◆ **WHAT IS NEEDED**
Reproduce every entry exactly as given.

Stored data
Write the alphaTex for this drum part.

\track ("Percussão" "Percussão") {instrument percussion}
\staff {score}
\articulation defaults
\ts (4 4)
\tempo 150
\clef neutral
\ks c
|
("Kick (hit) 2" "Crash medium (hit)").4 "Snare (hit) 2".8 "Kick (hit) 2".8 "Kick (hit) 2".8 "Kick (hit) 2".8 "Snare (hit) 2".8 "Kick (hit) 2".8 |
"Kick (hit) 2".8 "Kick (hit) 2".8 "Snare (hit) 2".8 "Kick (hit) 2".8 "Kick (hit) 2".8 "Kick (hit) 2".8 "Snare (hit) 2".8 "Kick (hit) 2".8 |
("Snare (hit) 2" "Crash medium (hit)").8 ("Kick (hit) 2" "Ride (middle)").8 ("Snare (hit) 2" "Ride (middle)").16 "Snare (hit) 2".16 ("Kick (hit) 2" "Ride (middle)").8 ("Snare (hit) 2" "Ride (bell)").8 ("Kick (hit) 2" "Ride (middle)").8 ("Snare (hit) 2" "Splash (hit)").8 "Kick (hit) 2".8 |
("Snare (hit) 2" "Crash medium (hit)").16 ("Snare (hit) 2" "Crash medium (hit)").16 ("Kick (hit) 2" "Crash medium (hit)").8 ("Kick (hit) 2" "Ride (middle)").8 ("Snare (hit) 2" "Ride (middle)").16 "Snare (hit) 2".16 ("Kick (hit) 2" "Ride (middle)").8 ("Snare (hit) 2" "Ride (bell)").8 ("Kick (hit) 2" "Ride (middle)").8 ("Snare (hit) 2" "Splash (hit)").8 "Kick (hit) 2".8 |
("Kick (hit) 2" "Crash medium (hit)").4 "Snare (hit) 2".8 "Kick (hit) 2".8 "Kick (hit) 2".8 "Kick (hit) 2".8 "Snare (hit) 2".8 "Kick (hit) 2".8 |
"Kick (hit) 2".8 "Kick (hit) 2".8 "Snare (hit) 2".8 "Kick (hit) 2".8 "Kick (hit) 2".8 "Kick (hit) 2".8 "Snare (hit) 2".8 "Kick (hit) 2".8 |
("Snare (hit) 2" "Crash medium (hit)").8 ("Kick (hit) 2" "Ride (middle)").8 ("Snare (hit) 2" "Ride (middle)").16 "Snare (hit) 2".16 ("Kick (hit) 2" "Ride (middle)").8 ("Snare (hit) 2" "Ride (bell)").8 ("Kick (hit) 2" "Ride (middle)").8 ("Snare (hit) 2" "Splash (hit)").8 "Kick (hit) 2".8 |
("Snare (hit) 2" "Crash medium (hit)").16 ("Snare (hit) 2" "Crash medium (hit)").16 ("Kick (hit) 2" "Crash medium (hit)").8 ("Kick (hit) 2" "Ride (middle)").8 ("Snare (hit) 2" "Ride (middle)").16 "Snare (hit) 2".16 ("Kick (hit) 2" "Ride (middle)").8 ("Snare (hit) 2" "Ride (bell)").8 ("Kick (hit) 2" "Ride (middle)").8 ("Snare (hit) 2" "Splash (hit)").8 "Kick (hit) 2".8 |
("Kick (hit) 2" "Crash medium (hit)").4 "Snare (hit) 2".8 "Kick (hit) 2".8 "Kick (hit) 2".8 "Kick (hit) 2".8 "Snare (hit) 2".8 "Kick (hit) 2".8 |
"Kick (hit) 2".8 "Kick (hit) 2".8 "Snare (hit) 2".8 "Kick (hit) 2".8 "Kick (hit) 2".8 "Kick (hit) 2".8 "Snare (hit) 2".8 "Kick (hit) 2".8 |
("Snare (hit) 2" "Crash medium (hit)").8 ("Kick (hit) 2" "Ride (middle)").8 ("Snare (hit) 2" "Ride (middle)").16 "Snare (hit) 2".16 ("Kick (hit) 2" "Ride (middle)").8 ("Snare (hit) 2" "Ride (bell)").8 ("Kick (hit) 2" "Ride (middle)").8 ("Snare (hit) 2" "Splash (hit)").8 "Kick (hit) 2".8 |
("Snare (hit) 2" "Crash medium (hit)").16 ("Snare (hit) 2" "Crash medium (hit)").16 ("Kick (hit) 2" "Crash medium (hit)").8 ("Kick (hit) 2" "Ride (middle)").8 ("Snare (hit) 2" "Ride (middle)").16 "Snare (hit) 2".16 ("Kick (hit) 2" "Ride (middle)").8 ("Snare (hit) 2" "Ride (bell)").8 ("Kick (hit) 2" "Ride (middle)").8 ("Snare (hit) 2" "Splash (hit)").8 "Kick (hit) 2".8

◆ **ANSWER TO THIS EXERCISE**
Write the alphaTex for this drum part.

\track ("Percussão" "Percussão") {instrument percussion}
\staff {score}
\articulation defaults
\ts (4 4)
\tempo 150
\clef neutral
\ks c
|
("Kick (hit) 2" "Crash medium (hit)").4 "Snare (hit) 2".8 "Kick (hit) 2".8 "Kick (hit) 2".8 "Kick (hit) 2".8 "Snare (hit) 2".8 "Kick (hit) 2".8 |
"Kick (hit) 2".8 "Kick (hit) 2".8 "Snare (hit) 2".8 "Kick (hit) 2".8 "Kick (hit) 2".8 "Kick (hit) 2".8 "Snare (hit) 2".8 "Kick (hit) 2".8 |
("Snare (hit) 2" "Crash medium (hit)").8 ("Kick (hit) 2" "Ride (middle)").8 ("Snare (hit) 2" "Ride (middle)").16 "Snare (hit) 2".16 ("Kick (hit) 2" "Ride (middle)").8 ("Snare (hit) 2" "Ride (bell)").8 ("Kick (hit) 2" "Ride (middle)").8 ("Snare (hit) 2" "Splash (hit)").8 "Kick (hit) 2".8 |
("Snare (hit) 2" "Crash medium (hit)").16 ("Snare (hit) 2" "Crash medium (hit)").16 ("Kick (hit) 2" "Crash medium (hit)").8 ("Kick (hit) 2" "Ride (middle)").8 ("Snare (hit) 2" "Ride (middle)").16 "Snare (hit) 2".16 ("Kick (hit) 2" "Ride (middle)").8 ("Snare (hit) 2" "Ride (bell)").8 ("Kick (hit) 2" "Ride (middle)").8 ("Snare (hit) 2" "Splash (hit)").8 "Kick (hit) 2".8 |
("Kick (hit) 2" "Crash medium (hit)").4 "Snare (hit) 2".8 "Kick (hit) 2".8 "Kick (hit) 2".8 "Kick (hit) 2".8 "Snare (hit) 2".8 "Kick (hit) 2".8 |
"Kick (hit) 2".8 "Kick (hit) 2".8 "Snare (hit) 2".8 "Kick (hit) 2".8 "Kick (hit) 2".8 "Kick (hit) 2".8 "Snare (hit) 2".8 "Kick (hit) 2".8 |
("Snare (hit) 2" "Crash medium (hit)").8 ("Kick (hit) 2" "Ride (middle)").8 ("Snare (hit) 2" "Ride (middle)").16 "Snare (hit) 2".16 ("Kick (hit) 2" "Ride (middle)").8 ("Snare (hit) 2" "Ride (bell)").8 ("Kick (hit) 2" "Ride (middle)").8 ("Snare (hit) 2" "Splash (hit)").8 "Kick (hit) 2".8 |
("Snare (hit) 2" "Crash medium (hit)").16 ("Snare (hit) 2" "Crash medium (hit)").16 ("Kick (hit) 2" "Crash medium (hit)").8 ("Kick (hit) 2" "Ride (middle)").8 ("Snare (hit) 2" "Ride (middle)").16 "Snare (hit) 2".16 ("Kick (hit) 2" "Ride (middle)").8 ("Snare (hit) 2" "Ride (bell)").8 ("Kick (hit) 2" "Ride (middle)").8 ("Snare (hit) 2" "Splash (hit)").8 "Kick (hit) 2".8 |
("Kick (hit) 2" "Crash medium (hit)").4 "Snare (hit) 2".8 "Kick (hit) 2".8 "Kick (hit) 2".8 "Kick (hit) 2".8 "Snare (hit) 2".8 "Kick (hit) 2".8 |
"Kick (hit) 2".8 "Kick (hit) 2".8 "Snare (hit) 2".8 "Kick (hit) 2".8 "Kick (hit) 2".8 "Kick (hit) 2".8 "Snare (hit) 2".8 "Kick (hit) 2".8 |
("Snare (hit) 2" "Crash medium (hit)").8 ("Kick (hit) 2" "Ride (middle)").8 ("Snare (hit) 2" "Ride (middle)").16 "Snare (hit) 2".16 ("Kick (hit) 2" "Ride (middle)").8 ("Snare (hit) 2" "Ride (bell)").8 ("Kick (hit) 2" "Ride (middle)").8 ("Snare (hit) 2" "Splash (hit)").8 "Kick (hit) 2".8 |
("Snare (hit) 2" "Crash medium (hit)").16 ("Snare (hit) 2" "Crash medium (hit)").16 ("Kick (hit) 2" "Crash medium (hit)").8 ("Kick (hit) 2" "Ride (middle)").8 ("Snare (hit) 2" "Ride (middle)").16 "Snare (hit) 2".16 ("Kick (hit) 2" "Ride (middle)").8 ("Snare (hit) 2" "Ride (bell)").8 ("Kick (hit) 2" "Ride (middle)").8 ("Snare (hit) 2" "Splash (hit)").8 "Kick (hit) 2".8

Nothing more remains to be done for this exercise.